Plus jeune que le patron de SpaceX Elon Musk, féru de numérique, ex-start-upper, Philippe Baptiste a pris la tête du Centre national d’études spatiales (Cnes) en avril. Le nouveau président coche les bonnes cases pour faire basculer l’industrie spatiale tricolore dans l’ère du new space, des fusées réutilisables et des constellations de satellites.
À la tête d’une agence forte de 2 300 collaborateurs et d’un budget de 2,3 milliards d’euros, il sera chargé de définir et d’exécuter la stratégie spatiale de la France. « Je viens du monde du numérique. Je suis particulièrement sensible à la question des données et des nouveaux modèles de l’innovation. C’est au cœur du projet que j’ai pour le Cnes », aime à rappeler ce spécialiste d’algorithmique et d’intelligence artificielle.

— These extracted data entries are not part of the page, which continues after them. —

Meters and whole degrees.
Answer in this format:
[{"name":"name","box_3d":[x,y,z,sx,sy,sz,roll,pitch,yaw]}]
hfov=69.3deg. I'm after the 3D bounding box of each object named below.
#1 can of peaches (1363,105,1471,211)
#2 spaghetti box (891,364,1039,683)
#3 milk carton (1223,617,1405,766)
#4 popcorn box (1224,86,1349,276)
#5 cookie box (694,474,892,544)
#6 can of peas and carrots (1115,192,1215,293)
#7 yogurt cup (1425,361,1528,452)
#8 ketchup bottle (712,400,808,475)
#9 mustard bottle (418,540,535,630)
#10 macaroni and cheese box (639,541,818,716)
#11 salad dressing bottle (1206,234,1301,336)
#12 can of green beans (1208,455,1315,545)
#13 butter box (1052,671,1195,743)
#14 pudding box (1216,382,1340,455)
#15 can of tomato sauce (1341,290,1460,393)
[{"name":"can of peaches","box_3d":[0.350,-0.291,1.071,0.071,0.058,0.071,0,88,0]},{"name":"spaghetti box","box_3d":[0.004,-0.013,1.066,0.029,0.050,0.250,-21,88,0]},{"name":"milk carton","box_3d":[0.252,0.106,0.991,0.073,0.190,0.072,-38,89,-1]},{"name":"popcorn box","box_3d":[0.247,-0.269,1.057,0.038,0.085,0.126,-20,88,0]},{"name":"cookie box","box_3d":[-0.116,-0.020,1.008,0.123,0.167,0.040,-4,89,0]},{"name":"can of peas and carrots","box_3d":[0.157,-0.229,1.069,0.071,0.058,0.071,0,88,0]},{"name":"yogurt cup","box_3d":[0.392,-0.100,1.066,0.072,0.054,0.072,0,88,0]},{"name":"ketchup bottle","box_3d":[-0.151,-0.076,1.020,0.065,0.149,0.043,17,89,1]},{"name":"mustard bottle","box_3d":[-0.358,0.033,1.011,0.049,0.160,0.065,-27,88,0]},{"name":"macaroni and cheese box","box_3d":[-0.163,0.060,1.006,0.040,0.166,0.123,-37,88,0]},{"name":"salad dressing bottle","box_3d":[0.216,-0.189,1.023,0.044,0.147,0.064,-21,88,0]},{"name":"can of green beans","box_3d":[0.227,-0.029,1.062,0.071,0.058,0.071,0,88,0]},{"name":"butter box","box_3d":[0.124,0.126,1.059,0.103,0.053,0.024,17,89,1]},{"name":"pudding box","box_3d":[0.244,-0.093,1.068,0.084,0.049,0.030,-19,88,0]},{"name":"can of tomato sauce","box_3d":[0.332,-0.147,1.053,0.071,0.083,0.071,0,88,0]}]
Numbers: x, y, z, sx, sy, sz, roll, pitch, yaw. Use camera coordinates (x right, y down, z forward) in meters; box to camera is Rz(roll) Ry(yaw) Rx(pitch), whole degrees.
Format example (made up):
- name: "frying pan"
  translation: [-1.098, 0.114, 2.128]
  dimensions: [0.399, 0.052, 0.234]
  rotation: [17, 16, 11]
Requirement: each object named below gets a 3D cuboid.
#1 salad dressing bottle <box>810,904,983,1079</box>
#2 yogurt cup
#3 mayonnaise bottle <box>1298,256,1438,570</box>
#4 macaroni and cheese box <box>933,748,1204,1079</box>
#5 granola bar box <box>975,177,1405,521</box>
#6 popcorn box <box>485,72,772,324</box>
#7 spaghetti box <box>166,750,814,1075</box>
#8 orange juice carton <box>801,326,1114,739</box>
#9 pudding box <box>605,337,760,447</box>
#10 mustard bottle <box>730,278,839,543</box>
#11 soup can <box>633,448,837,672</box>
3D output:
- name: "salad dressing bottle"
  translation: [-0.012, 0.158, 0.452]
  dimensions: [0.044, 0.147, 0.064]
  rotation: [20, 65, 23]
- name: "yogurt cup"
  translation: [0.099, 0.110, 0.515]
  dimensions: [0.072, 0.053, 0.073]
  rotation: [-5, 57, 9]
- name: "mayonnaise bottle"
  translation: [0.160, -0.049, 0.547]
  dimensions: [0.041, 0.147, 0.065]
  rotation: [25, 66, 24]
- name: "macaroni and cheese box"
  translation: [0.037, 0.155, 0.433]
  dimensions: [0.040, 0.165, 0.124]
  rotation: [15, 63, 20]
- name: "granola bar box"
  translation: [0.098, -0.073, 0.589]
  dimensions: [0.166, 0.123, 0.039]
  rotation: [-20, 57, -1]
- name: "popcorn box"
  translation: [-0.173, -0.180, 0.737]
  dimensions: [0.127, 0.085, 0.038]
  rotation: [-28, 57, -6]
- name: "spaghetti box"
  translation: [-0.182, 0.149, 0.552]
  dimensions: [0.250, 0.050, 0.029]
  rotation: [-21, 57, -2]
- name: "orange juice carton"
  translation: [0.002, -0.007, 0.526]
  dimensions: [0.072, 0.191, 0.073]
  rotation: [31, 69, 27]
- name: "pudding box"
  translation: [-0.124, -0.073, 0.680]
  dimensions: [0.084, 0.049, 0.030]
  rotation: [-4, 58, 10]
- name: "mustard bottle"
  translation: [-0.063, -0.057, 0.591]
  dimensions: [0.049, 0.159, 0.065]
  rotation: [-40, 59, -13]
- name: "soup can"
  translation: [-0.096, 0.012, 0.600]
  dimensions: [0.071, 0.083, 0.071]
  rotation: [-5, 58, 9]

Le dirigeant connaît également bien le monde de l’entreprise. Il a participé à la création et au développement de plusieurs start-up, mené des collaborations avec des industriels du numérique et de l’aéronautique et réalisé un bref passage comme directeur scientifique chez Total.
Il pourra s’appuyer sur sa fine connaissance des rouages ministériels. Un atout, le Cnes ayant une triple tutelle : le ministère de l’Économie, le ministère des Armées et celui de l’Enseignement supérieur, de la Recherche et de l’Innovation, où il a été directeur de cabinet de Frédérique Vidal. Philippe Baptiste devra également endosser le rôle de défenseur de l’industrie spatiale française, qui compte 15 000 salariés pour un chiffre d’affaires de 7,4 milliards d’euros.